全ての事柄がバラバラに起きているにも関わらず、発生し始めたのが昨晩からと不自然な一致を見せている。
これ程の知恵者と実力者が集まっても尚、全てが繋がる仮説さえ浮かばない。
「まぁ『ワーウルフ』に関して、俺は『転移魔法』が怪しいと踏んでますがね。そこんトコはどうなんですか? 陛下」
「ヴォルフ、陛下を疑うのですか? あの魔法は――」
と、ミレディが告げようとした所に手を翳してヘクトルが制する。
「現状からして『転移魔法』に疑いが行くのはしょうがないな! 実際に『ワーウルフ』は出現と消失を繰り返している! 騎士団もナルコ様の眼も掻い潜り王都にそれらの事象を起こすには一番有力な説だろう!」
すると、ヘクトルは『転移魔法』に関して語る。
「結論から言うに、『転移魔法』はとてもコストパフォーマンスの悪い代物なのだよ!」
「そうなのですか?」
「私が詳しく解説しましょう」
ミレディが全員に分かりやすく補足する。事情を知るナルコは紅茶を啜った。
「『転移魔法』は一度の転移に約100人分の魔力と起点と起点を繋ぐ二つの複雑な魔法陣を必要とします」
勇者シラノの遺産の中で最も注目されていた『転移魔法』。その中身はとても実用化に出来ない代物だった。

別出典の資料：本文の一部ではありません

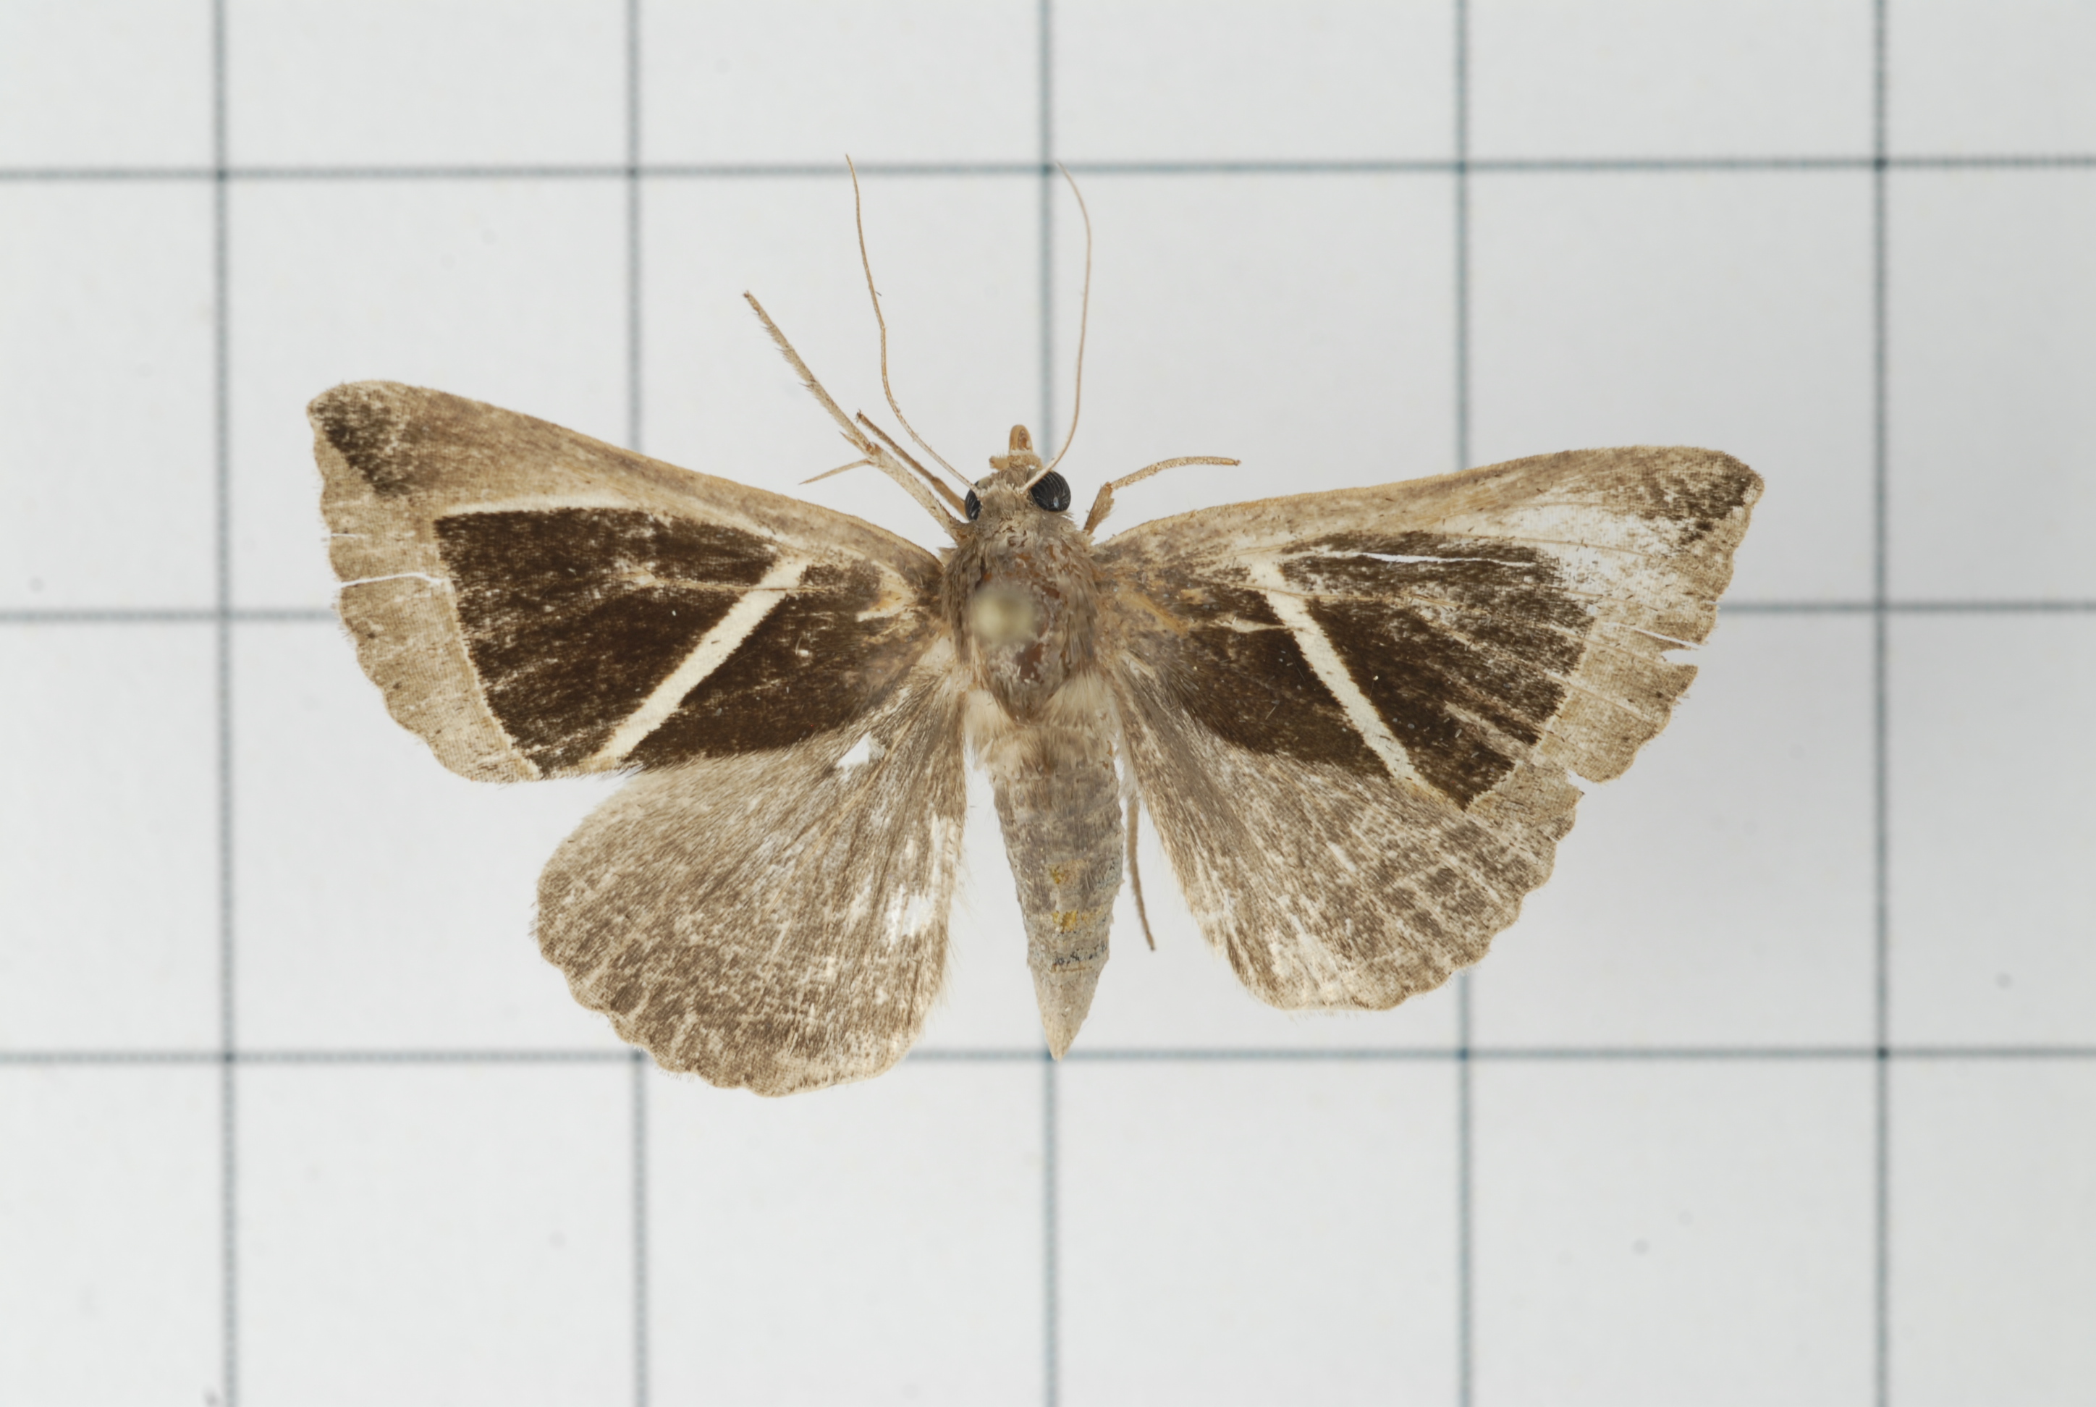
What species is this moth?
Chalciope mygdon

「特に起点と起点を繋ぐ魔法陣は寸分違わずに同じモノでなければならず、更に陣を展開する場所も限りなく同じ環境である必要があるのです」
「フハハ! つまり、他の魔法とは類に漏れないと言う所だな! その複雑な手順を勇者シラノは己の能力で補完していたのだろう!」
勇者シラノが居て、初めて実用的に機能する。
「故に今回の件は『転移魔法』は関係ない!」
「更に管理はナルコ様に一任しております。情報の漏れは万に一つも無いかと」
「当然じゃな」
自分とレガリアの眼が光る学園から無断で資料が持ち出される事は皆無だった。
「……陛下。この場をお借りし、発言したい事があります」
「なんだい? リンクス司令」
リンクスは自分が語るべきが迷ったが、ここまで来たのなら共有するべきだと考えた。
「この件『シーカー』が関わっている可能性はありませんか?」
場が凍りつく。
『シーカー』。それは他に擬態する『太古の魔物』であり、四年前の『霧の都』でカーラが接触した事は報告に上がっている。
「カーラは『シーカー』が『転移魔法』を書き換えたと言う発言を聞いています。もしも、ヤツが『勇者シラノ』を模倣出来るのであれば、今回の件は全てが陽動で、陛下の御身狙っている可能性があります」
ソレをこの場で口にすると言う事は、かなりのリスクがあった。もし『シーカー』がこの中の誰かに成り代わっていたらこちらの内情を全てを知ってしまう事となる。
「それはほぼ無いと言ってもよい」
しかし、ナルコがソレを否定した。
「もしも、そう動いていると確定した場合、タイミングがあまりにも不自然じゃ。最初の馬房の件も陛下が王都へ戻ってからの方が陽動としては利がある」
結果として昨晩から二人一組の厳戒態勢が強いられた。それは騎士同士でさえ互いに互いを見張る事になり、擬態する『シーカー』としては良くない状況だ。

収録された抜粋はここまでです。